Over the past two years, they’ve received around $3.5 milion in seed money, including an infusion last winter from Joe Mansueto, the billionaire founder of the investment firm Morningstar. The majority of the benefactors up to that point had been what Nagler refers to as “love donors” — people contributing in the hope that ClostraBio will help their families. “Mansueto has no relationship to food allergies,” she says. “When he became an investor, then it kind of changed the picture because here’s sobody who’s intere-sted in this company as a way to make money.”
Nagler and Hubbell have identified a short-chain fatty acid called butyrate as a starting point. It’s one of the three most common that gut bacteria produce after they metabolize fiber. It’s been used in synthetic form to treat patients with sickle cell anemia for 50-some years, with minimal side effects. Right now, however, it breaks down too quickly if it’s not delivered intravenously, making it impractical for a drug that must be taken daily, in many cases by children. So, additionally, they must figure out a polymer that will keep butyrate from disintegrating long enough to make it into the large intestine.
Nagler doesn’t want to speculate at this point on how far out ClostraBio is from its first clinical trial with butyrate. In the nearer term, Nagler is coming at commensal bacteria, including clostridia, from the other direction, too, by researching a treatment that provides them with the fuel needed to produce short-chain fatty acids on their own and boost that protective layer of mucus. That fuel is called a prebiotic, which is a fancy way of saying fiber. Ciaccio, who is an adviser to ClostraBio, expects to begin leading the first clinical trials of a prebiotic therapy next year.
Nagler envisions these treatments as supportive therapies that, in many cases, would be taken alongside an immunotherapy regimen so that as patients retrain their immune system, they’re also restoring the gut to its proper role in immune function. In some kids, the therapies on their own might be enough to persuade the immune system to shift and start erasing the allergy. Finally, they could also be given preventively to infants at high risk of developing food allergies — ones who were born by C-section, for example, or who received several courses of antibiotics at an early age, as William did. Long-term dosage isn’t yet known. Patients might have to take ClostraBio’s drug for the rest of their lives, but maybe not. “We hope that it would cause a positive feedback loop,” Nagler says. The presence of more short-chain fatty acids might foster conditions where commensal bacteria thrive, eventually making the therapy self-sustaining.

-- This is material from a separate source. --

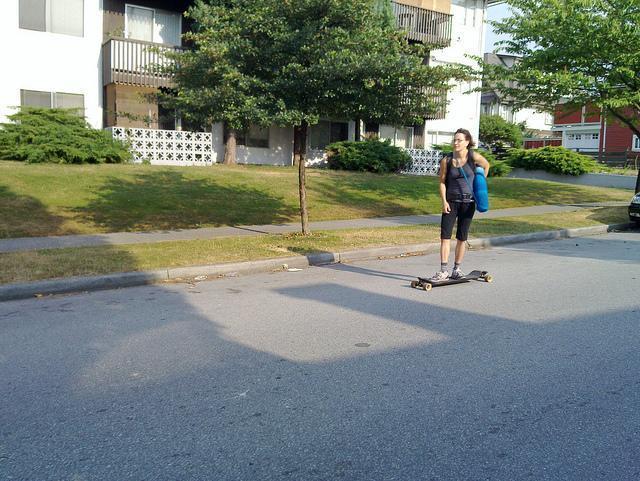How many brown horses are in the grass?
Give a very brief answer. 0. 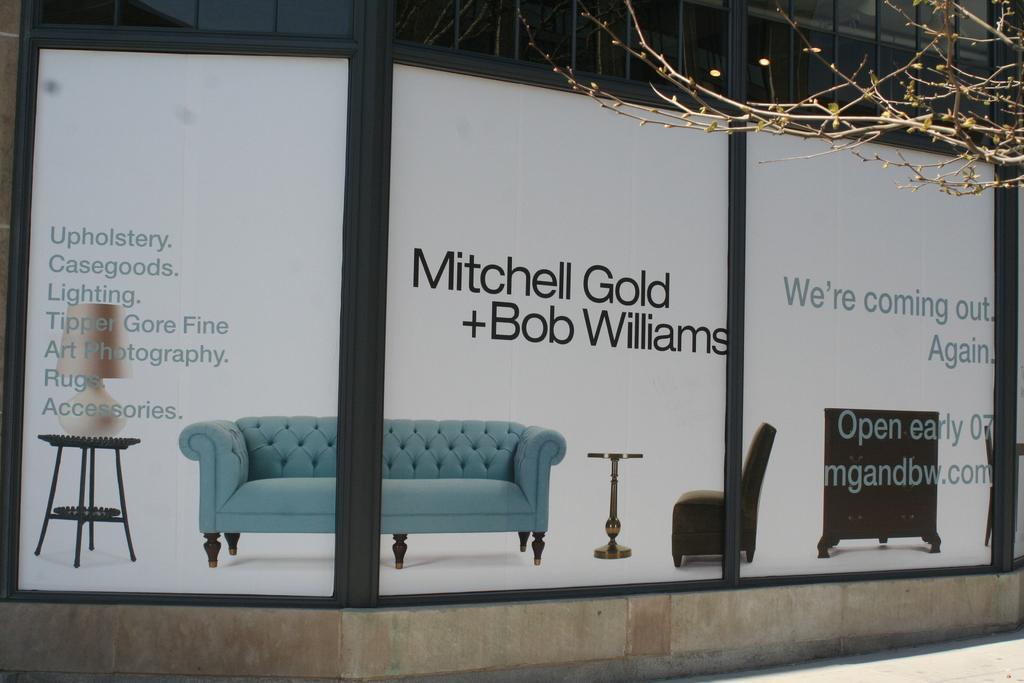In one or two sentences, can you explain what this image depicts? In this Image I see a building on which there are boards and I see a lamp on a stool, a sofa, chair, another stool and a table and there are few words on it and I see a tree over here.

Given that it will be a while before these treatments enter clinical trials, let alone become commercially available, and that Viaskin and AR101 will most likely be approved only for children older than 4 or 6 because doctors want to give younger children time to outgrow their allergies — the holy grail of outcomes — I wanted to know what I can do now to make it more likely William will do just that. Really, it comes down to a fundamental piece of medical advice that is simple and cheap to follow: Feed your kid fiber. Nurture the good bacteria that’s left — it may be beaten down, but it’s there.
So every day, my husband and I fill William’s tray with avocado and black beans, fresh berries and spaghetti squash. He gleefully smashes cauliflower rice and oatmeal into his mouth by the fistful. Eating, to him, is utter joy, a fact I constantly remind myself of as I fret about his restrictions and what they’ll mean for the future. There are, after all, only three foods that might harm him — and a vast world of possibilities that could help heal him.